Erythranthe carsonensis is a species of monkeyflower known by the common name Carson Valley monkeyflower.

== Distribution ==
The species is native to Nevada and California, where its range is restricted to three valleys (Carson, Eagle, and Washoe Valleys) and the surrounding foothills. Its preferred habitat is dry, sandy soils in sagebrush and bitterbrush vegetation.

== Description ==
An annual species, 2 to 10 cm tall, bearing 1 to 20 yellow flowers. The flower is typically 0.5 to 1 inch wide, yellow with yellow hairs and tiny red dots on the palate and a large red dot on the lower limb. In small plants, the flower is often larger than the leaves and stem.

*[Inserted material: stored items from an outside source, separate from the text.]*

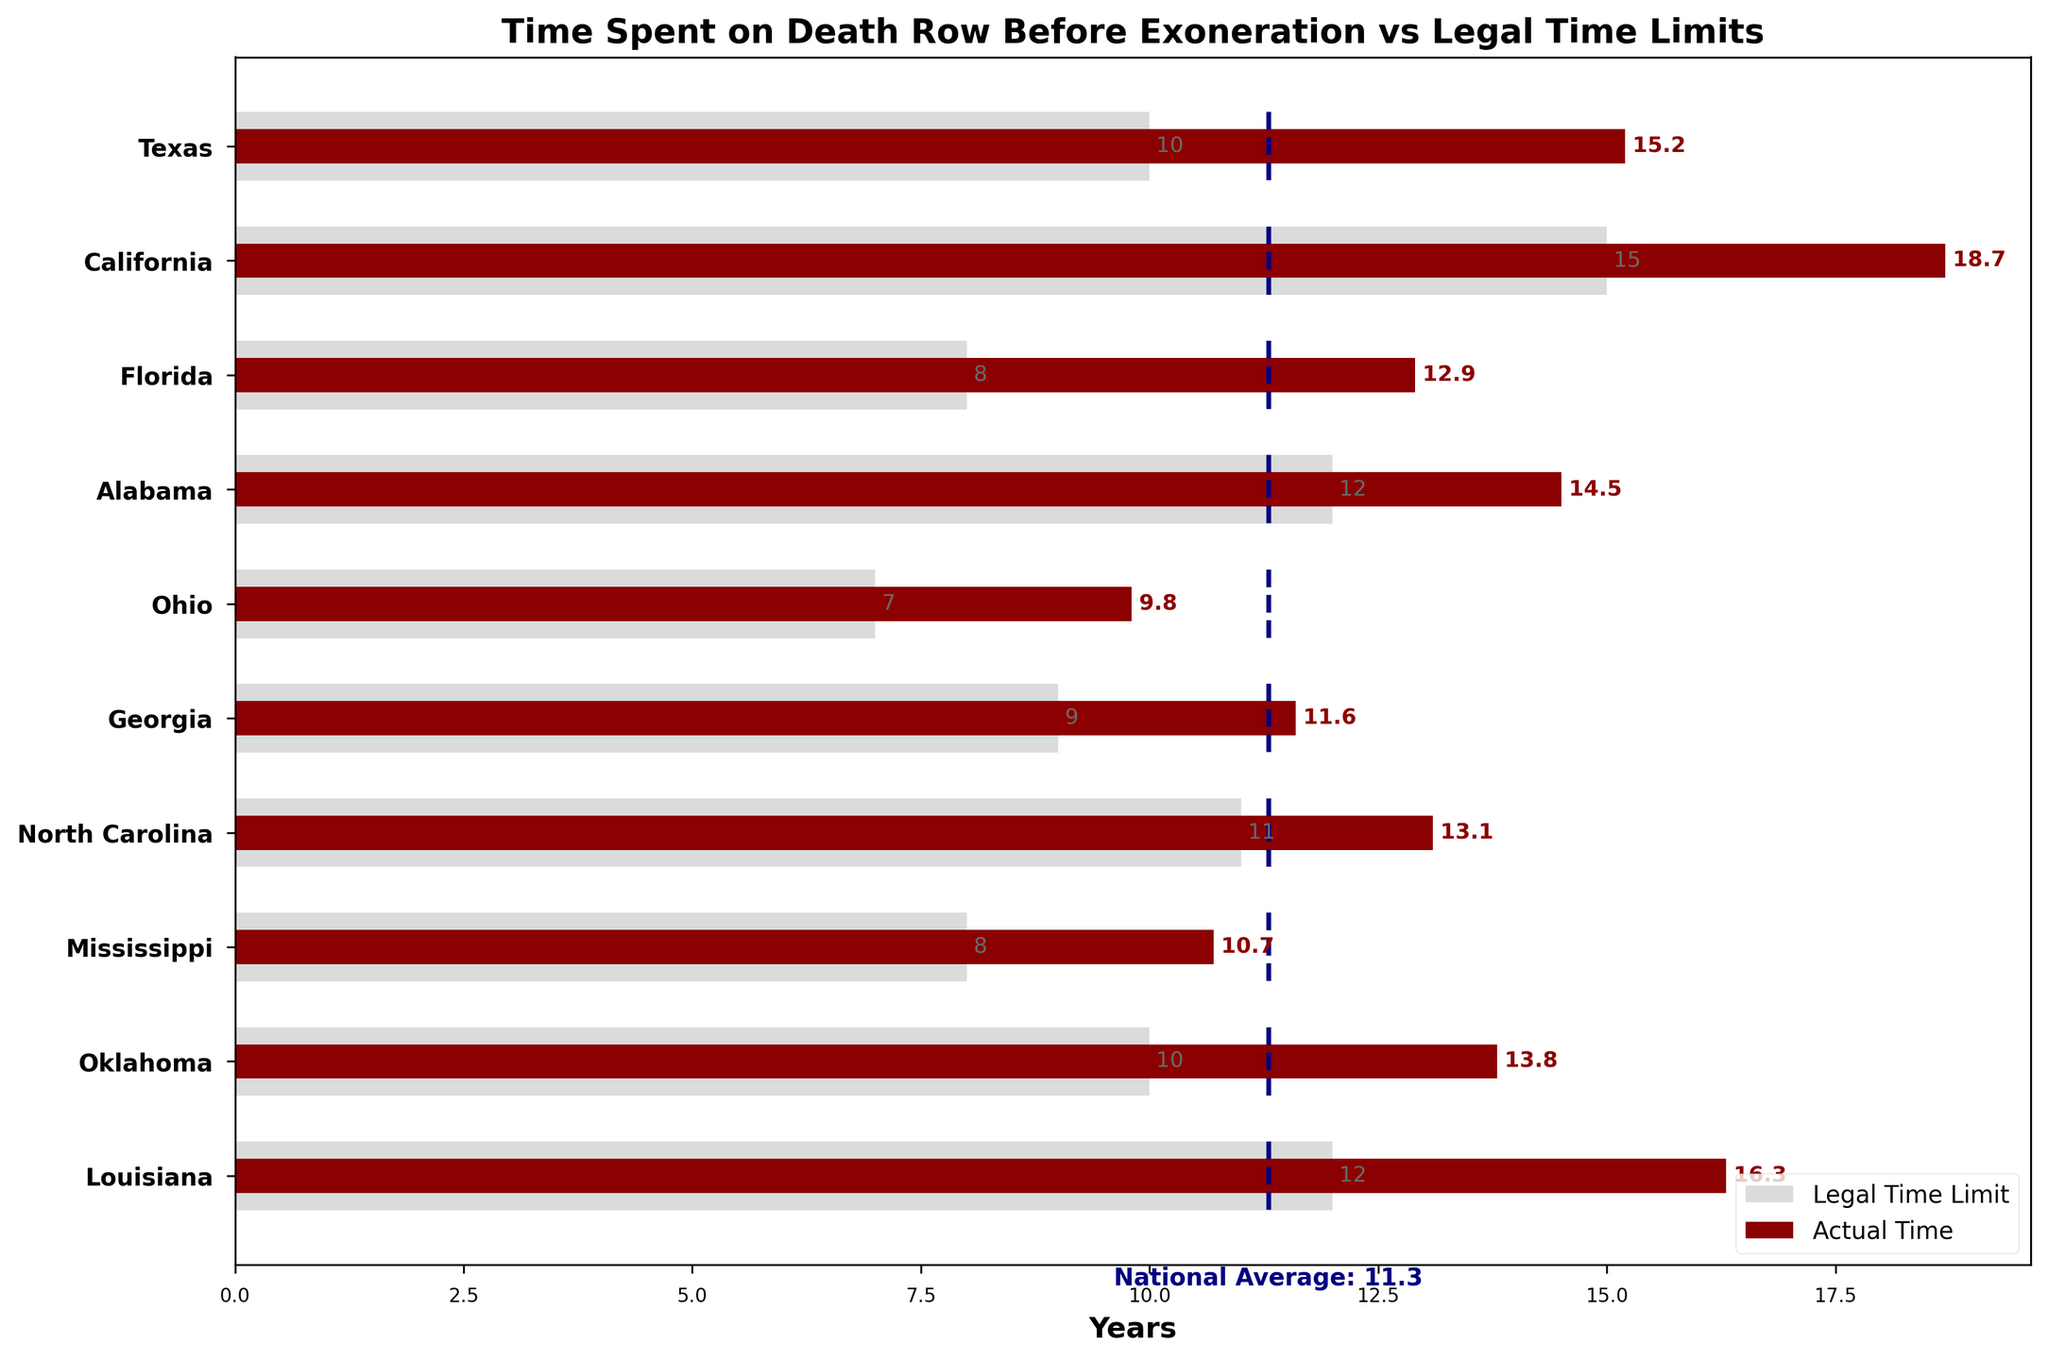What is the title of the chart? The title of the chart is displayed at the top and it reads "Time Spent on Death Row Before Exoneration vs Legal Time Limits".
Answer: Time Spent on Death Row Before Exoneration vs Legal Time Limits Which state has the highest actual time spent on death row before exoneration? By looking at the chart, the state with the longest dark red bar represents the highest actual time. In this case, it is California with an actual time of 18.7 years.
Answer: California What is the national average time spent on death row before exoneration? The national average is indicated by the dotted navy line running through each bar cluster. The annotation at the bottom states the national average is 11.3 years.
Answer: 11.3 years Which state has the lowest legal time limit for death row cases? The state with the shortest light grey bar represents the lowest legal time limit. In this chart, it is Ohio, which has a legal time limit of 7 years.
Answer: Ohio How much longer is California's actual time spent on death row compared to the national average? California's actual time spent on death row is 18.7 years, and the national average is 11.3 years. The difference is calculated as 18.7 - 11.3 = 7.4 years.
Answer: 7.4 years Which states have actual time that exceeds both the legal time limit and the national average? Identify states where the dark red bar (actual time) is longer than both the light grey bar (legal time limit) and the dotted navy line (national average). These states are Texas, California, Alabama, Louisiana, and Oklahoma.
Answer: Texas, California, Alabama, Louisiana, Oklahoma What is the difference in actual time spent on death row between Texas and Ohio? Texas has an actual time of 15.2 years and Ohio has 9.8 years. The difference is calculated as 15.2 - 9.8 = 5.4 years.
Answer: 5.4 years What is the average legal time limit across all the states listed in the chart? Sum the legal time limits of all states and divide by the number of states: (10 + 15 + 8 + 12 + 7 + 9 + 11 + 8 + 10 + 12) / 10 = 10.2 years.
Answer: 10.2 years Which state has the closest actual time spent on death row to the national average? Compare the actual time of each state to the national average (11.3 years) and find the state with the smallest difference. Georgia's actual time is 11.6 years, which is the closest to the national average.
Answer: Georgia For which state(s) is the actual time spent on death row equal to the legal time limit? Find the state(s) where the lengths of the dark red bar (actual time) and the light grey bar (legal time limit) are the same. None of the states have equal actual and legal times on the chart.
Answer: None 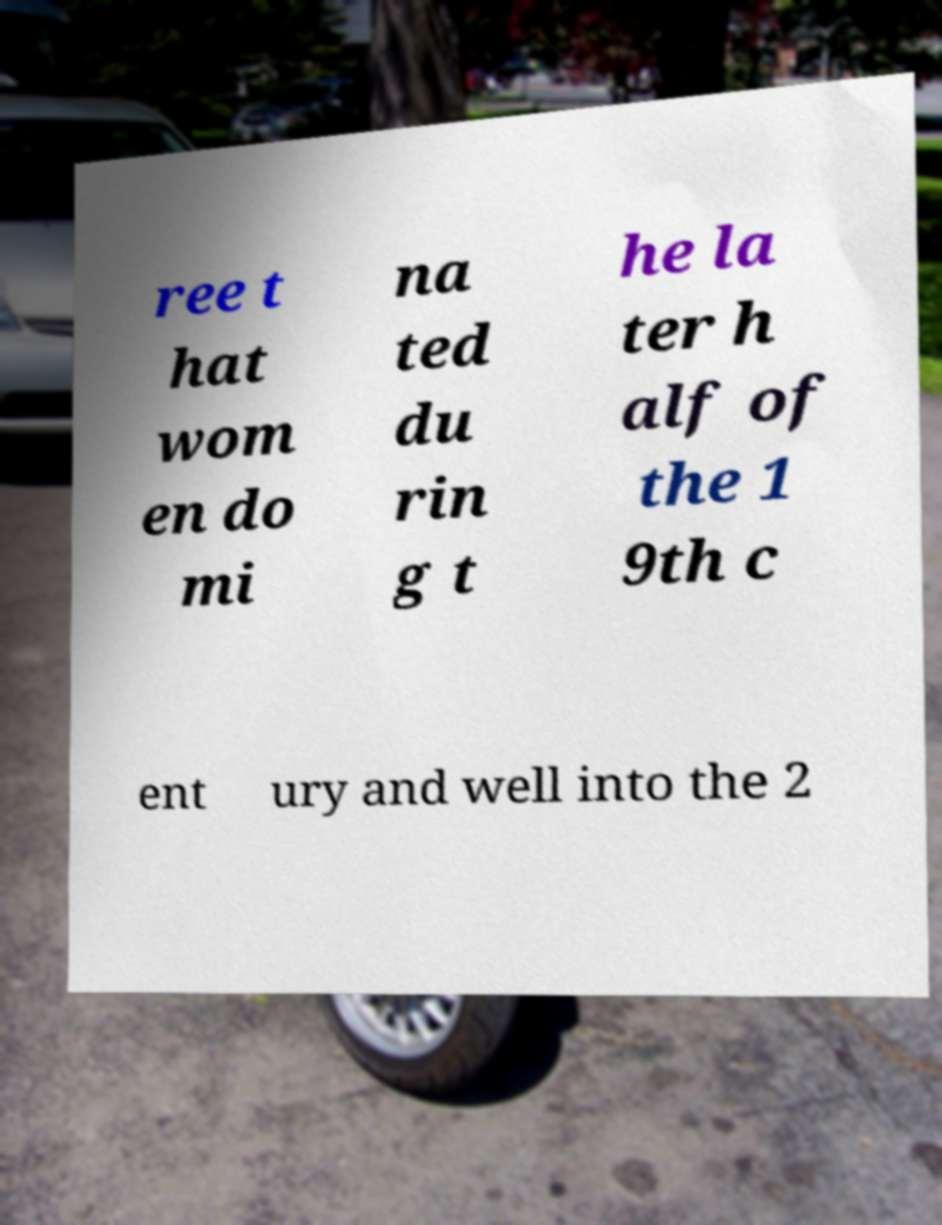Could you extract and type out the text from this image? ree t hat wom en do mi na ted du rin g t he la ter h alf of the 1 9th c ent ury and well into the 2 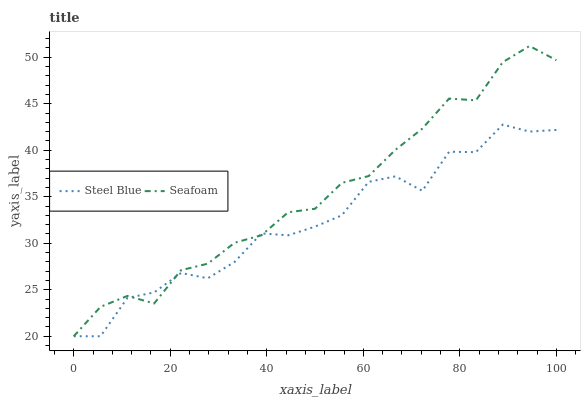Does Steel Blue have the minimum area under the curve?
Answer yes or no. Yes. Does Seafoam have the maximum area under the curve?
Answer yes or no. Yes. Does Seafoam have the minimum area under the curve?
Answer yes or no. No. Is Seafoam the smoothest?
Answer yes or no. Yes. Is Steel Blue the roughest?
Answer yes or no. Yes. Is Seafoam the roughest?
Answer yes or no. No. Does Steel Blue have the lowest value?
Answer yes or no. Yes. Does Seafoam have the highest value?
Answer yes or no. Yes. Does Seafoam intersect Steel Blue?
Answer yes or no. Yes. Is Seafoam less than Steel Blue?
Answer yes or no. No. Is Seafoam greater than Steel Blue?
Answer yes or no. No. 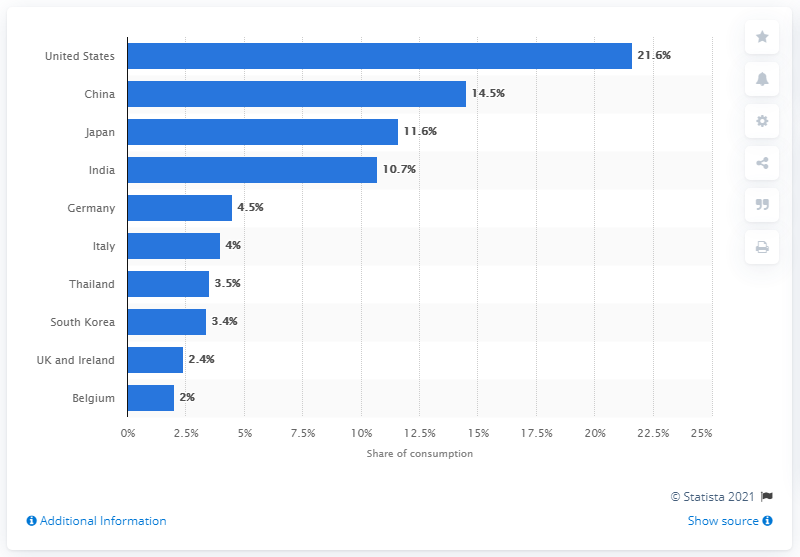Mention a couple of crucial points in this snapshot. In 2010, the United States accounted for approximately 21.6% of the global silver production demand. 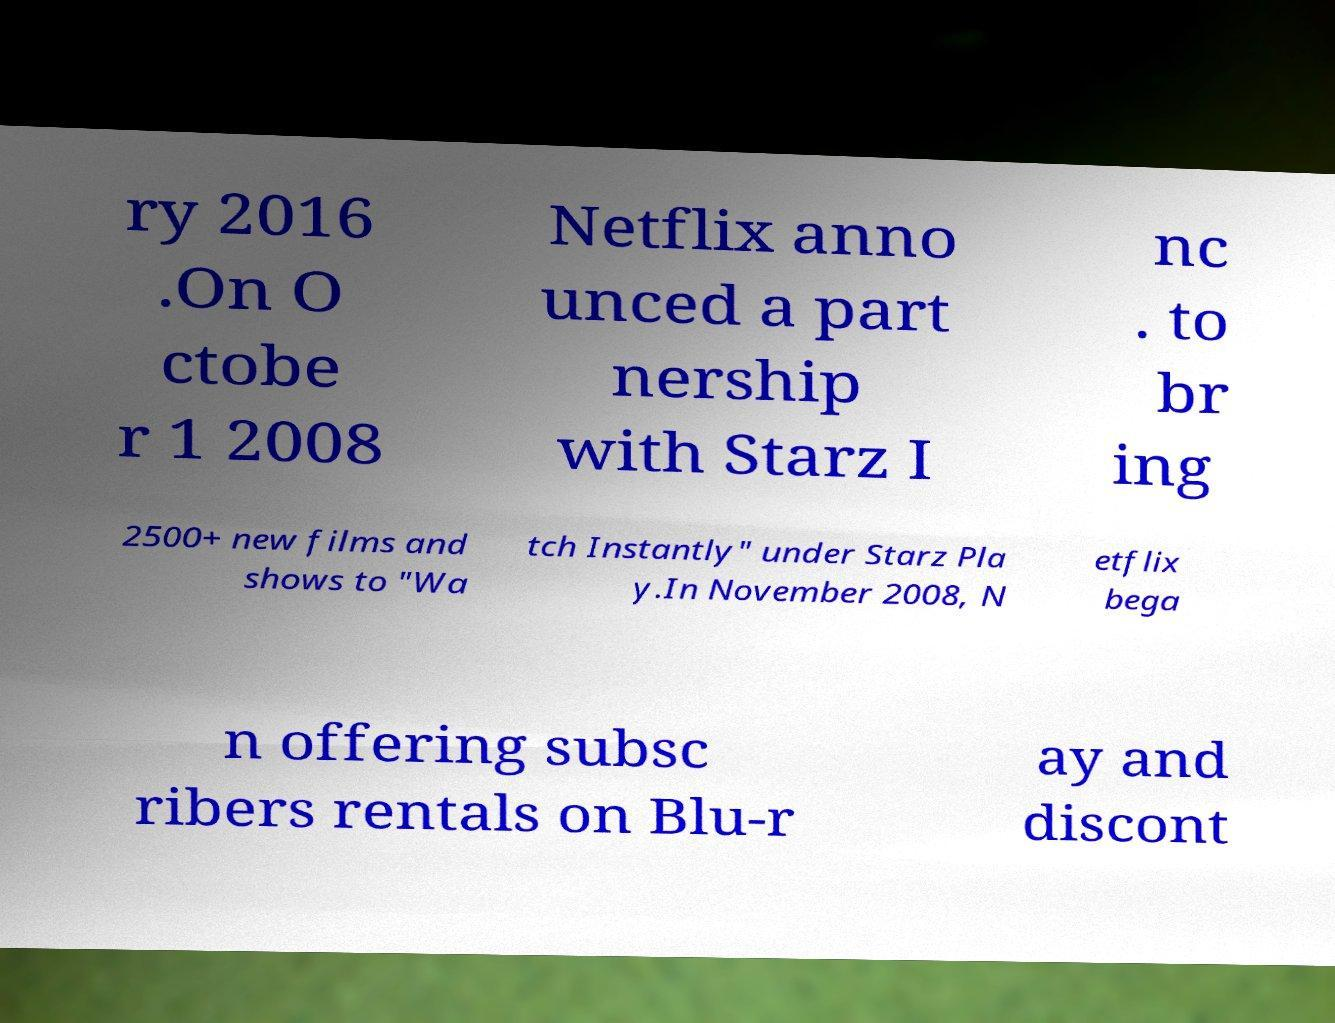There's text embedded in this image that I need extracted. Can you transcribe it verbatim? ry 2016 .On O ctobe r 1 2008 Netflix anno unced a part nership with Starz I nc . to br ing 2500+ new films and shows to "Wa tch Instantly" under Starz Pla y.In November 2008, N etflix bega n offering subsc ribers rentals on Blu-r ay and discont 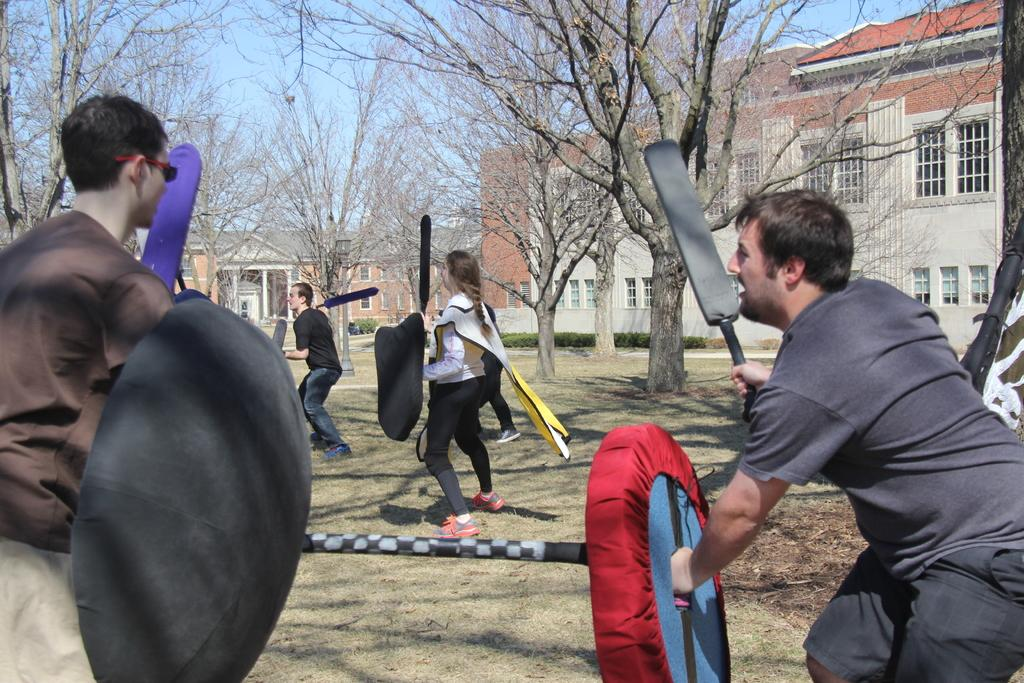Who or what is present in the image? There are people in the image. What are the people holding in their hands? The people are holding bats and shields. What can be seen in the background of the image? There are trees and buildings in the background of the image. What type of manager is present in the image? There is no manager present in the image. Is there a birthday celebration happening in the image? There is no indication of a birthday celebration in the image.

Sereno Watson first described this species as "A pretty dwarf flower of earliest spring, forming bright patches of color among the sage-brush in the lower valleys, the delicate inch-long stem seeming scarce able to sustain the absurdly disproportionate flowers that terminate it. Carson Valley, Nevada; April."

=== Taxonomy ===
Erythranthe carsonensis was separated from Erythranthe montioides in 2012 based on morphological and habitat differences.